Other students come to watch us too, and some are even brave enough to venture forward and add tables, desks, and chairs to our makeshift barricade.
We’ve been fighting for forty-five minutes, at least, when Professor Cornelius comes hobbling over to join us, raising his hands as if he too is about to fire his magic.
“You don’t need to be here, Professor,” I tell him. “There’s enough of us for the time being, and our barricade is holding.”
“I may be old, Miss Storm,” he says, “but I can still fight, and you need all the fighters you can get.”
“We have enough,” I tell him. “There’s no need for you to put yourself in danger.”
He frowns at me. “I’m eighty-nine years old, Miss Storm, and I’m telling you now that I would rather die fighting for something I believe is right than wither away in my chair. So please, I’d rather not hear anything more of it.”

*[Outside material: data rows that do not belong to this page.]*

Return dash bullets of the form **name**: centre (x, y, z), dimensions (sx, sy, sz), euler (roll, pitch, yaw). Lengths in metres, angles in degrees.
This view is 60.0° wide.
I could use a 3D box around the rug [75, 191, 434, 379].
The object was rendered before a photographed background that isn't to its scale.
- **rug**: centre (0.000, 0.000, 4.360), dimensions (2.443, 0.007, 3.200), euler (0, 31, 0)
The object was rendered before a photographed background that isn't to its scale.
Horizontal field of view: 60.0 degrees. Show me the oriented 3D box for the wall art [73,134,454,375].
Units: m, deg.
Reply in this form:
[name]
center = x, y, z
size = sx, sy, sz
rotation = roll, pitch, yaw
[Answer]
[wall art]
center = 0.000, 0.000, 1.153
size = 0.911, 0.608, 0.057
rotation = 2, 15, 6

“Then you know the plan?” I concede.
“Retreat to the towers as soon as they break through.”
I shut my mouth and watch as the old man sends his shadows soaring over the barricade and colliding with an oncoming fire-bolt.

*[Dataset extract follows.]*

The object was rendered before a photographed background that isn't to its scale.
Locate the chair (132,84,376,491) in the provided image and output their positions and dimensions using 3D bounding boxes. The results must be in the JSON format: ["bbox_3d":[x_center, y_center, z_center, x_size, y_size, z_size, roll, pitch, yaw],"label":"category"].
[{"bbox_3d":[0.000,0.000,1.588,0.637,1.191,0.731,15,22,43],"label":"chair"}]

I’ve never seen his magic before, and I’m surprised to see that it isn’t weak like the man is physically.
It’s pretty damn strong. Deep down, I’m grateful to have another person fighting alongside us.
No sooner has Professor Cornelius begun firing his magic toward the Empress’s army than someone else comes running toward me. Actually, three people, hauling some makeshift contraption along behind them. Fly, Damien, and some other boy I recognize from Granite Quarter.
At first, I think it’s just another object to add to the barricade, but then Fly stops beside us, swings his arms wide, and declares, “We’ve made a catapult.”
I stare at it. It takes me a few minutes, but then I see he’s right. It has a long arm, held back by a taut string, and if that’s released, I can see it will come flying forward. It’s well built, well-constructed, and it looks like it might actually work. There’s just one problem.
“It’s great,” I say. Fly grins proudly at me. “But what exactly were you planning to catapult?”
“Catapult?” I hear someone say several yards away, and then the potions professor comes bustling toward us. She examines the contraption for several moments, then tells the three boys, “Bring that this way. I can use it.”
Fly sticks his tongue out at me, and then they wheel it off as I shake my head.
My attention is drawn back to the barricade as another section of it explodes up into sparks. It won’t hold for much longer, and then our plan will really begin.